• What you have to do: Extract all lines that hold "lowest" from the records below.

• Record set:
☆ ☆ ☆

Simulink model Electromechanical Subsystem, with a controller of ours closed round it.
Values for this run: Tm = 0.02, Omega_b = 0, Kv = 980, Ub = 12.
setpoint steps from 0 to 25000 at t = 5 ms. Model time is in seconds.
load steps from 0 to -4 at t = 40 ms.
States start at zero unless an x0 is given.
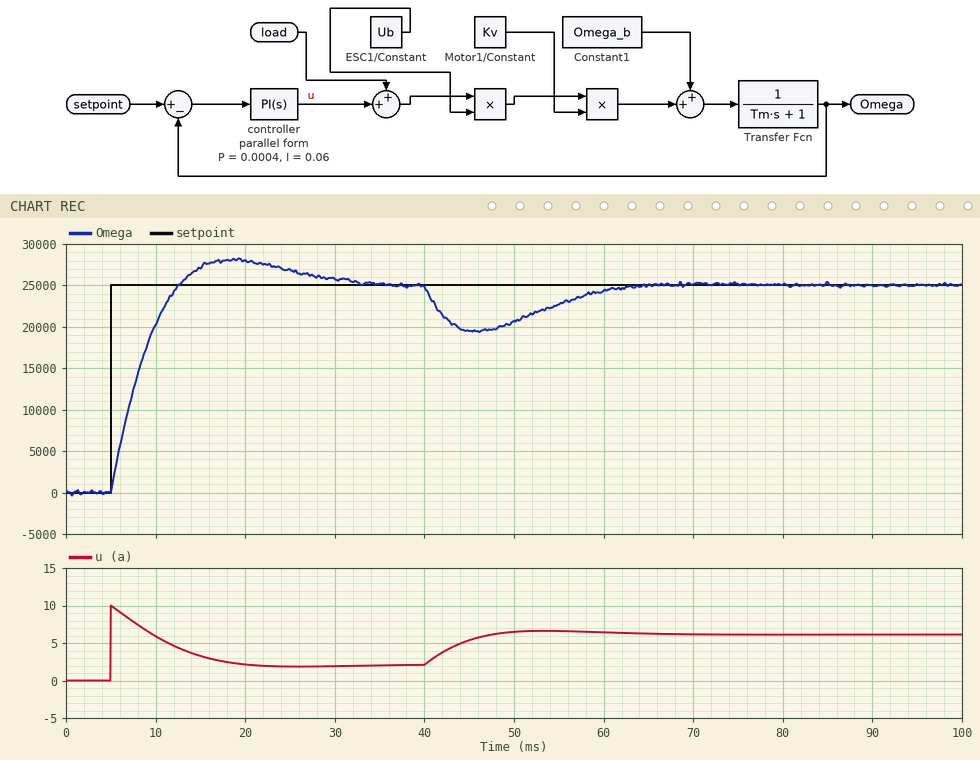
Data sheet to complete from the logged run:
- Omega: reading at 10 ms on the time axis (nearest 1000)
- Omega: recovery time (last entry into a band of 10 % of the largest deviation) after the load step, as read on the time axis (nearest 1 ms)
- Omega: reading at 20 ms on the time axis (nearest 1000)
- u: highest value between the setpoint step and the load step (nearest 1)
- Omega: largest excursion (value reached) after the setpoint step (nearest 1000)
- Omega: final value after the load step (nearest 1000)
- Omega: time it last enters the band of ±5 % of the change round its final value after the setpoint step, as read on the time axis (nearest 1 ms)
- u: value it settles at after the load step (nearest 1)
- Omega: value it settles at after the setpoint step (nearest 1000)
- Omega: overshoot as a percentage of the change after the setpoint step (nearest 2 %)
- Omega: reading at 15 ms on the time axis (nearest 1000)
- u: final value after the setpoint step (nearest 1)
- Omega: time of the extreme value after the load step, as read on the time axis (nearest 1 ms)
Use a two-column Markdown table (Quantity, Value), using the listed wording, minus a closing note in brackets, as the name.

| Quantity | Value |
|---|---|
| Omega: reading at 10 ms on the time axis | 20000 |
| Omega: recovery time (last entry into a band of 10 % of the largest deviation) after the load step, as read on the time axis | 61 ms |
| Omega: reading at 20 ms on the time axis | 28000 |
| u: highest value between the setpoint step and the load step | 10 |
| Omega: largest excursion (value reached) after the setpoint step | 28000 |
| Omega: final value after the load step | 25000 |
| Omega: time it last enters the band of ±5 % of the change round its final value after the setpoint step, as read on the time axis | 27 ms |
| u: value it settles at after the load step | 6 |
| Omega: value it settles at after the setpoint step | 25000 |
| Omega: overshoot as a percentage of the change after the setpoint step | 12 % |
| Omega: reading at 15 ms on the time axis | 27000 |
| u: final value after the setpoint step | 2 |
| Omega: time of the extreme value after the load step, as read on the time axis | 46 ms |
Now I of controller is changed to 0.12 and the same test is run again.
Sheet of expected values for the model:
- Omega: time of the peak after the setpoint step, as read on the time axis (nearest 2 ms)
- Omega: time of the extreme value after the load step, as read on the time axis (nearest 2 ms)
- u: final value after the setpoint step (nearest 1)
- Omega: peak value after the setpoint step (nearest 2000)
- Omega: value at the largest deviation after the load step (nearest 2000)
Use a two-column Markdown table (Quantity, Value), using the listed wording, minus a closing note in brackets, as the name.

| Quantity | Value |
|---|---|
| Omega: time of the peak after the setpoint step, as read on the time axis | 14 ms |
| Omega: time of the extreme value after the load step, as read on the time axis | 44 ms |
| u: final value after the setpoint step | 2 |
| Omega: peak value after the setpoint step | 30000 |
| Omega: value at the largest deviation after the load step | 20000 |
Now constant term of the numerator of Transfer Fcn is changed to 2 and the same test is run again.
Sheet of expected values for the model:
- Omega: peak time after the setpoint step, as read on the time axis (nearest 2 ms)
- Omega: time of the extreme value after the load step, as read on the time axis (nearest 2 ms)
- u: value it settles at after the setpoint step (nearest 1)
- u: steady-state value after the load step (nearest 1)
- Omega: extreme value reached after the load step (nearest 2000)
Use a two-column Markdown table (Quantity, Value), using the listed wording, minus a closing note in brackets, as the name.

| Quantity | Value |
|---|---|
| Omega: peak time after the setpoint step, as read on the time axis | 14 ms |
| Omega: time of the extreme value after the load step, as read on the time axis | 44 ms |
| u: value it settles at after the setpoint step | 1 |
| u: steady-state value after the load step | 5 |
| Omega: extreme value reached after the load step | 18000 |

☆ ☆ ☆

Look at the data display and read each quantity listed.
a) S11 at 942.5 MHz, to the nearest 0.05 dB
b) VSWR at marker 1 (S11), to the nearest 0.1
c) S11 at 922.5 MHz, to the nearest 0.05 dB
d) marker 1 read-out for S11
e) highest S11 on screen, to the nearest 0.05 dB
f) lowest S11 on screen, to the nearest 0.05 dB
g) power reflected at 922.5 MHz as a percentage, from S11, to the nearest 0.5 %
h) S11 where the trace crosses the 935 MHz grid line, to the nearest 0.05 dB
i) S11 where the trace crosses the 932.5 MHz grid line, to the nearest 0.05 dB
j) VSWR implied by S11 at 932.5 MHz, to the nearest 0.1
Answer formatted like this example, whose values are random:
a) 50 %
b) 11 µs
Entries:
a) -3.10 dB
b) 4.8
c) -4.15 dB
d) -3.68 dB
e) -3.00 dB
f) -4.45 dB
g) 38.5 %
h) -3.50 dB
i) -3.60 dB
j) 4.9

☆ ☆ ☆

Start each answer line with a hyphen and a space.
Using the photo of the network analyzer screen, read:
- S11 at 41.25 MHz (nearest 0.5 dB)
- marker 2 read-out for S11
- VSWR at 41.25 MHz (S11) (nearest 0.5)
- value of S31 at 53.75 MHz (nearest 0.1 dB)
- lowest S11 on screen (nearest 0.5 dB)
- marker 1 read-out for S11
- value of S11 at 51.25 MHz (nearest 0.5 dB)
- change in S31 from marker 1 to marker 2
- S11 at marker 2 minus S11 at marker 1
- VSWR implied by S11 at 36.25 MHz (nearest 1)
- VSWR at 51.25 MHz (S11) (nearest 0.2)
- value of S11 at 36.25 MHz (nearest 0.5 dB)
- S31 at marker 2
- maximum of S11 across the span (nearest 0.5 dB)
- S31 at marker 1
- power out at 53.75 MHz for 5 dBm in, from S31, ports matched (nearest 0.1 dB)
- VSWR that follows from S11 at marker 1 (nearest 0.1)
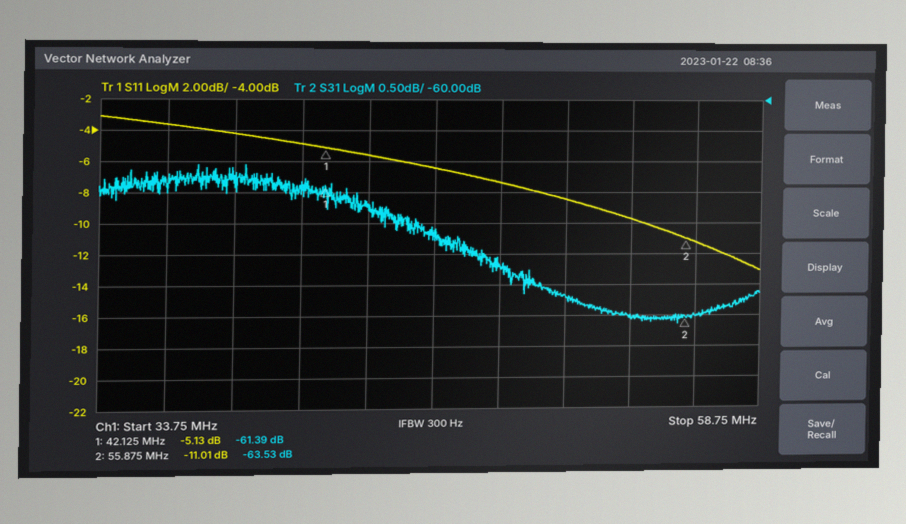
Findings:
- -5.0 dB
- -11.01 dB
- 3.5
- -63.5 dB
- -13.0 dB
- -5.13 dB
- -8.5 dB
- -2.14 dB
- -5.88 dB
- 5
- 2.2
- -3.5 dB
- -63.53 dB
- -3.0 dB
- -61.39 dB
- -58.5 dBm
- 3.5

☆ ☆ ☆

• Task result:
f) lowest S11 on screen, to the nearest 0.05 dB
- lowest S11 on screen (nearest 0.5 dB)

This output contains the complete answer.